Implementing Joins

Objectives
After completing this lesson, you will be able to:

After completing this lesson, you will be able to:

  • Implement joins
  • Differentiate between inner joins and outer joins
  • Implement nested joins

Basics and Syntax of Joins

Definition of a Join

Sometimes it is necessary to combine two SQL data sources into one result set, consisting of columns of both data sources. This is called a join.

As an example, when reading flight connections, it can be necessary to read details on the flight carrier, too, for example, the name of the carrier.

The rows of the result set are determined by the join type and by join conditions between columns of the data sources. The join conditions start with keyword ON and define relations between columns of the data sources.

The join type is defined by the corresponding keyword. In ABAP SQL, supported join types are INNER JOIN, LEFT OUTER JOIN, and RIGHT OUTER JOIN.

We will discuss the different results of these join types soon. But let's have a look at the ABAP SQL syntax of joins, first.

The example combines carrier data (carrier ID and carrier name) and connection data (connection ID, departure airport, and destination airport) into one result set. The left data source is database table /DMO/CARRIER, whereas database table /DMO/CONNECTION serves as right data source. The keyword INNER JOIN between the two data source names specifies the join type.

The join condition after ON request the content of field CARRIER_ID of database table /DMO/CARRIER equals the content of field CARRIER_ID of database table /DMO/CONNECTION.

In the join conditions as well as in the field list, WHERE clause, and so on, the columns of data sources are fully identified by the name of the data source and the column name, separated by the tilde sign ( ~ ).

Note
From other SQL dialects, you may be used to the period or full stop sign ( . ). This had to be replaced by another sign in ABAP SQL, because the period sign already has the meaning of ending the statement.

It is possible to address the column names without the data source name. The pre-condition is that the column name only exists in one of the data sources and that the other data source does not contain a column of the same name.

In the example, only database table /DMO/CARRIER contains columns NAME and CURRENCY_CODE, whereas columns CONNECTION_ID, AIRPORT_FROM_ID, and AIRPORT_TO_ID only exist in database table /DMO/CONNECTION. Therefore, these column names are unique without preceding/DMO/CARRIER~ or /DMO/CONNECTION~.

On the other hand, both tables contain a column CARRIER_ID. Therefore, for this field /DMO/CARRIER~ or /DMO/CONNECTION~ is mandatory.

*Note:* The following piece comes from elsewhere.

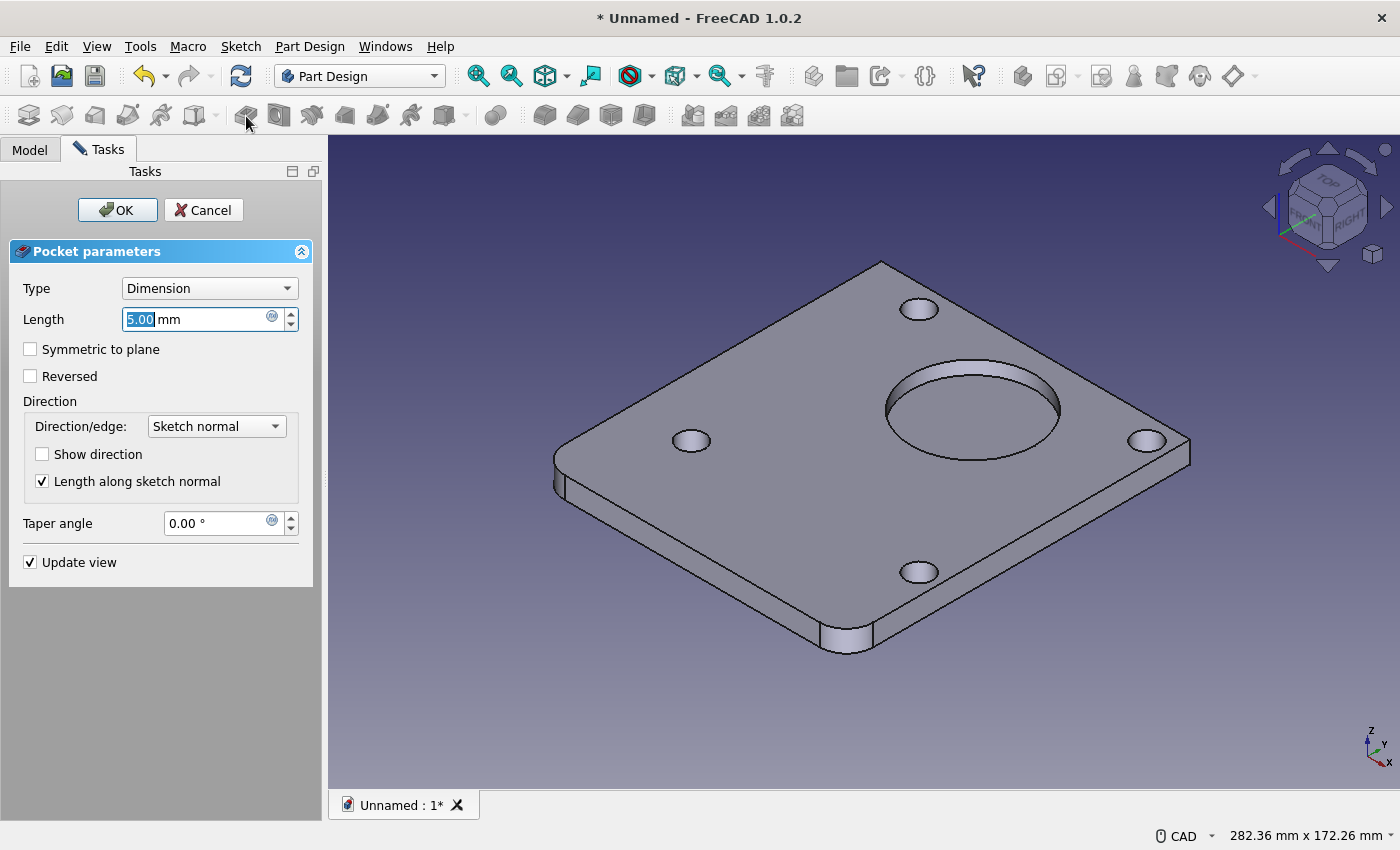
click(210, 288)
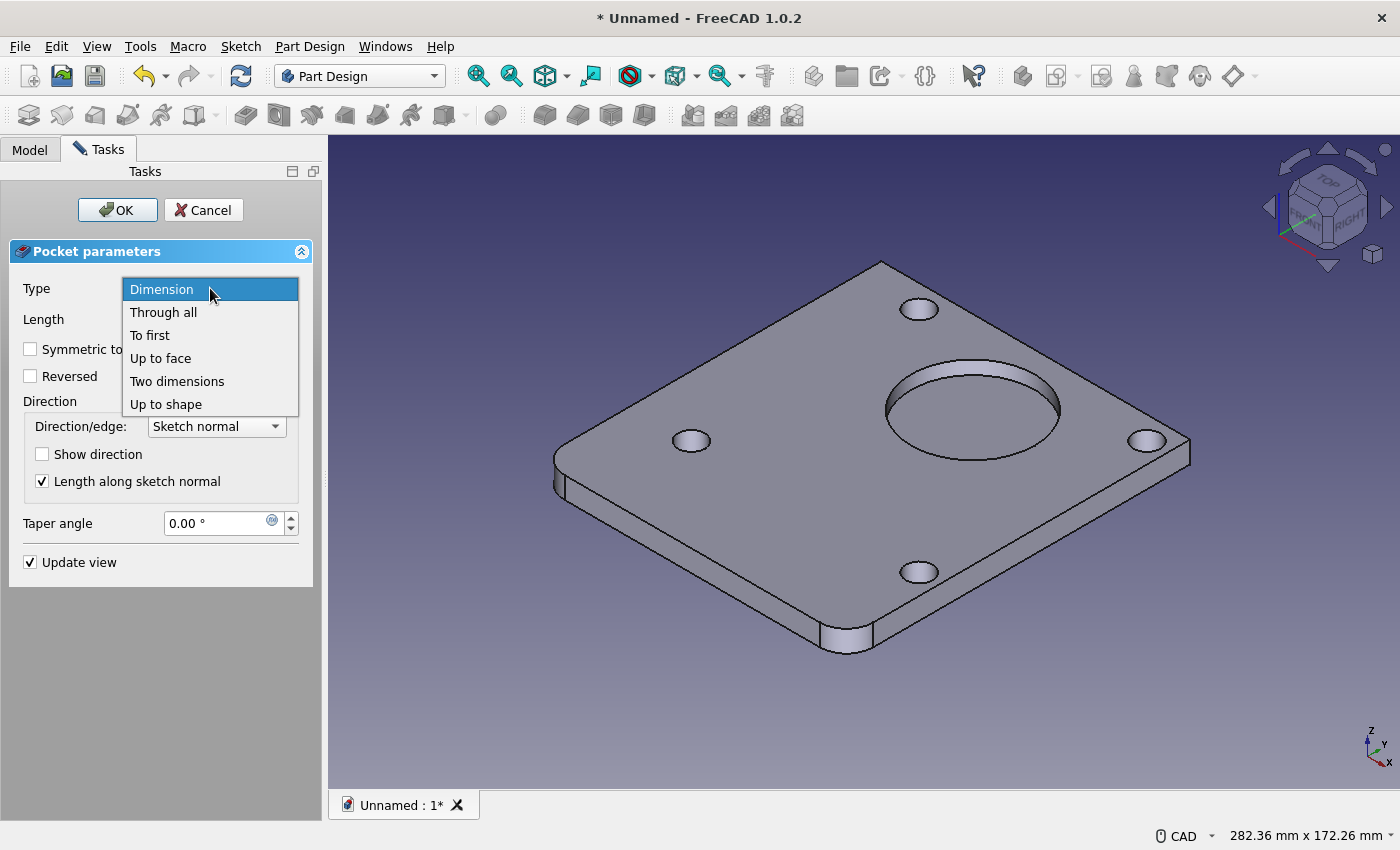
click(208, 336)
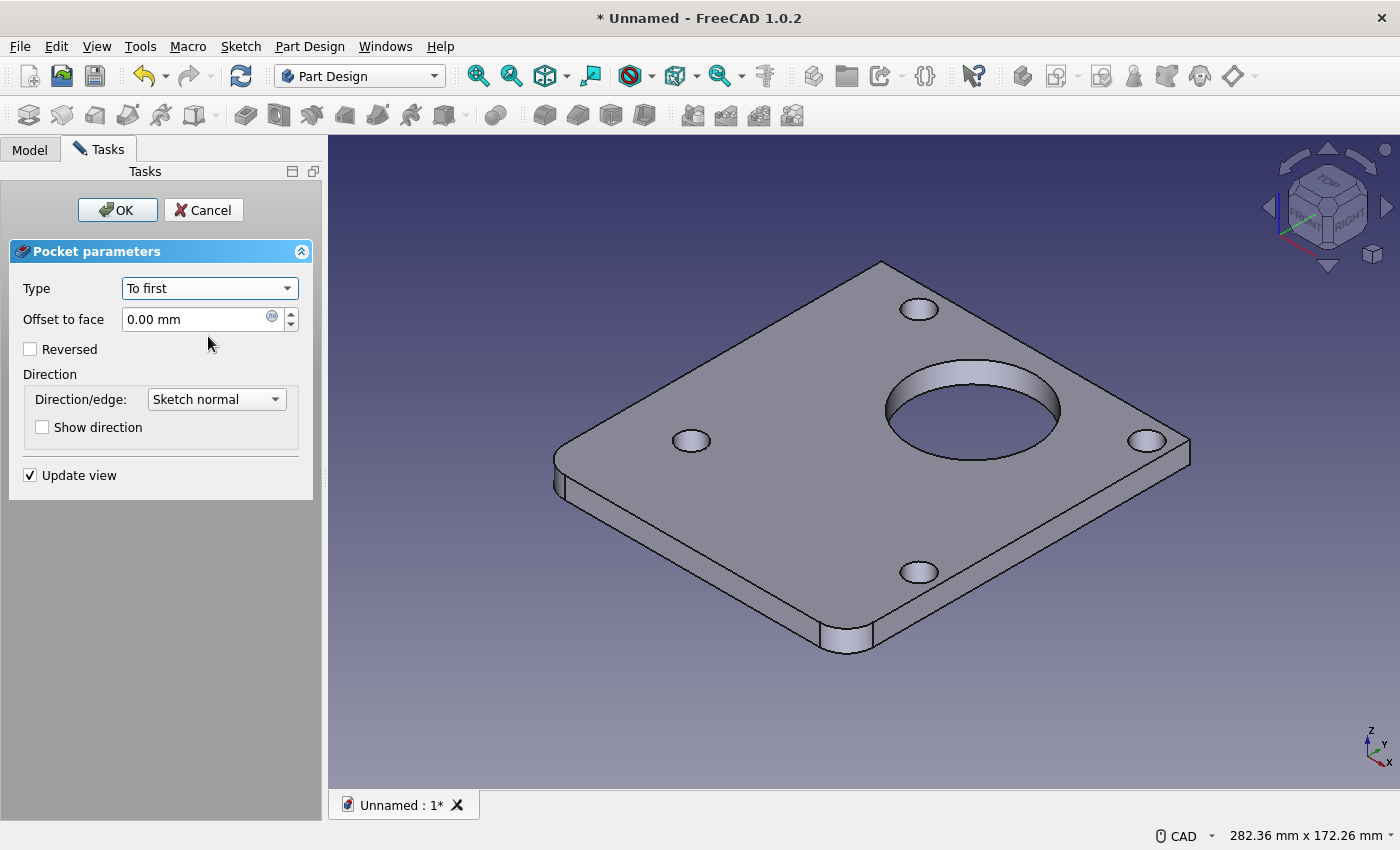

It is good practice to use aliases for the data source names to shorten the statement and increase readability. This is done using addition AS after the name of the data source. In the example, alias A is used for database table /DMO/CARRIER and alias C for database table /DMO/CONNECTION.

If a data source has an alias, it is mandatory to use the alias instead of the original data source name.

Required Aliases in Self-Joins

In some situations, aliases for data sources are more than just a syntax alternative. They become indispensable in statements that contain the same data source more than once.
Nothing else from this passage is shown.